Resolution : Resolution to these kind of issues involves tuning of application procedures  to make efficient use of cpu  and as a last resort increasing the cpu power or adding more cpu to the system.       B.   Memory Issues: Memory bottlenecks are determined by the scan rate ( sr) . The scan rate is the pages scanned by the clock algorithm per second. If the scan rate ( sr) is continuously over 200 pages per second then there is a memory shortage.   Resolution : 1. Tune the applications & servers to make  efficient use of memory and cache. 2. Increase system memory . 3. Implement priority paging in s  in pre solaris 8 versions by adding line "set priority paging=1" in      /etc/system. Remove this line if upgrading from Solaris 7 to 8 & retaining old /etc/system file.

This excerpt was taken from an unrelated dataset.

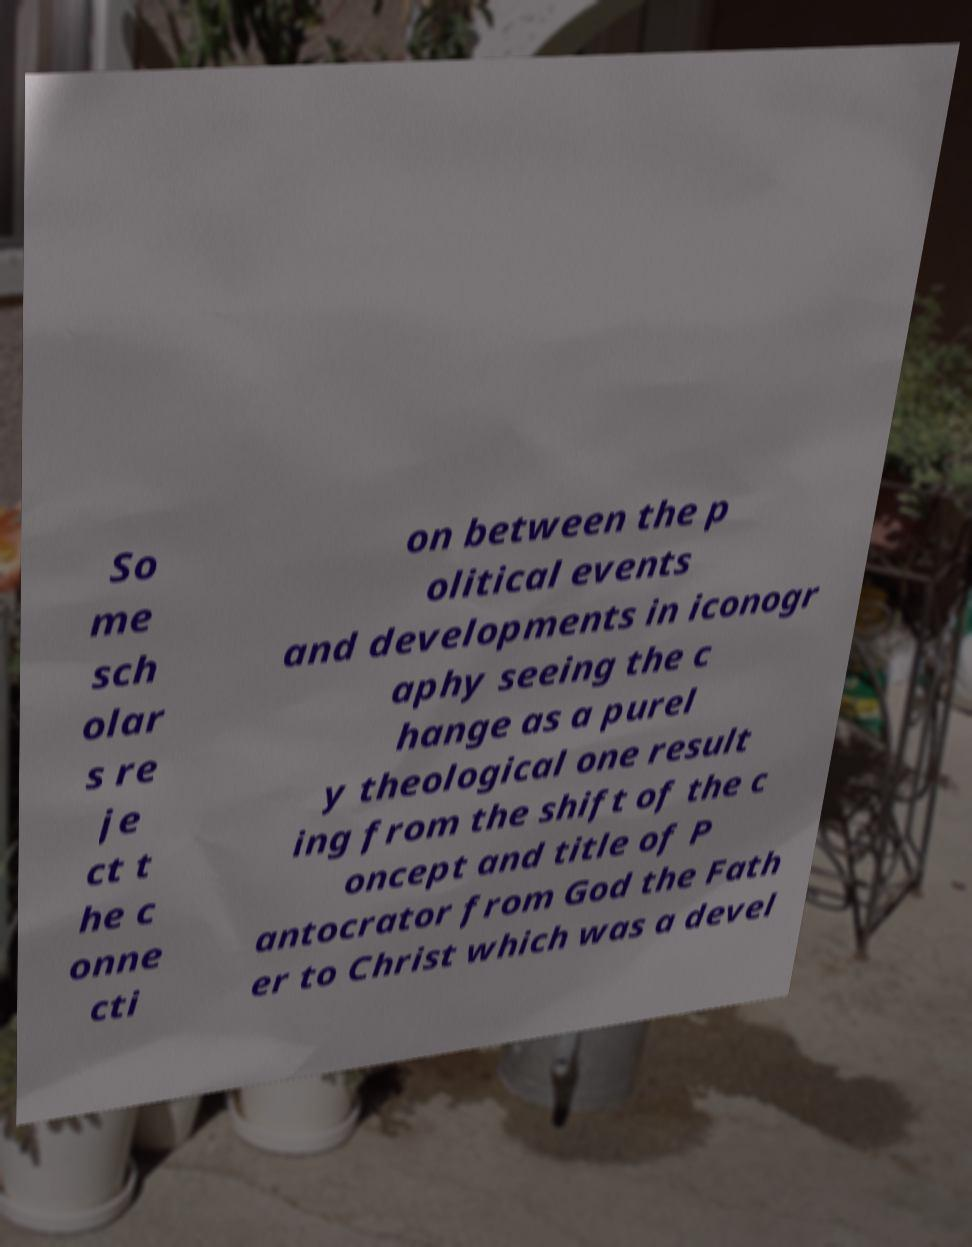Please identify and transcribe the text found in this image. So me sch olar s re je ct t he c onne cti on between the p olitical events and developments in iconogr aphy seeing the c hange as a purel y theological one result ing from the shift of the c oncept and title of P antocrator from God the Fath er to Christ which was a devel

Network Statistics (netstat)

netstat displays the  contents  of  various  network-related  data structures in  depending on the options selected.

Syntax :

netstat  <option/s>

multiple options can be given at one time.

Options

 -a - displays the state of all sockets.
 -r - shows the system routing tables
 -i - gives statistics on a per-interface basis.
-m - displays information from the network memory buffers. On Solaris, this shows statistics          forSTREAMS
 -p [proto] - retrieves statistics for the specified protocol
  -s - shows per-protocol statistics. (some implementations allow -ss to remove fileds with a value of 0 (zero) from the display.)
 -D - display the status of DHCP configured interfaces. 
-n do not lookup hostnames, display only IP addresses. -d (with -i) displays dropped packets per interface. -I [interface] retrieve information about only the specified interface. -v be verbose

interval  -   number for continuous display of statictics.

Example :

$netstat -rn

Routing Table: IPv4
  Destination           Gateway               Flags  Ref   Use   Interface
-------------------- -------------------- ----- ----- ------ ---------
192.168.1.0         192.168.1.11           U        1   1444      le0
224.0.0.0             192.168.1.11           U        1   0            le0
default                  192.168.1.1           UG       1   68276  
127.0.0.1             127.0.0.1               UH       1  10497     lo0

This shows the output on a Solaris machine who's IP address is 192.168.1.11 with a default router at 192.168.1.1

Results and Solutions:

A.) Network availability

The command as above is mostly useful in troubleshooting network accessibility issues . When  outside network is not accessible from a machine check the following

1. if the default router ip  address is correct

2.  you can ping it from your machine.

3. If router address is incorrect  it can be changed  with route add  commnad . See man route  for more info .

route command examples:
$route add default <hostname>
$ route add 192.0.2.32  <gateway_name>

If the router address is correct but still you can't ping it  there may be some  network cable /hub/switch problem  and you have to try and eliminate the faulty component .

B.) Network Response

netstat -i

NameMtuNet/DestAddressIpktsIerrsOpktsOerrsCollisQueue
lo08232loopbacklocalhost77814077814000
hme01500server1server1106585663483251102792570

This option is used to diagnose the network problems when  the connectivity is there but  it is slow in response .

Values to look at:

  • Collisions (Collis)
  • Output packets (Opkts)
  • Input errors (Ierrs)
  • Input packets (Ipkts)

The above values will give information to workout

i.  Network collision rate as follows :

Network collision rate = Output collision counts / Output packets

 Network-wide collision rate greater than 10 percent  will indicate

  •  Overloaded network,
  •  Poorly configured network,
  •  Hardware problems. 

ii.  Input packet error rate as follows :

 Input Packet Error Rate = Ierrs / Ipkts.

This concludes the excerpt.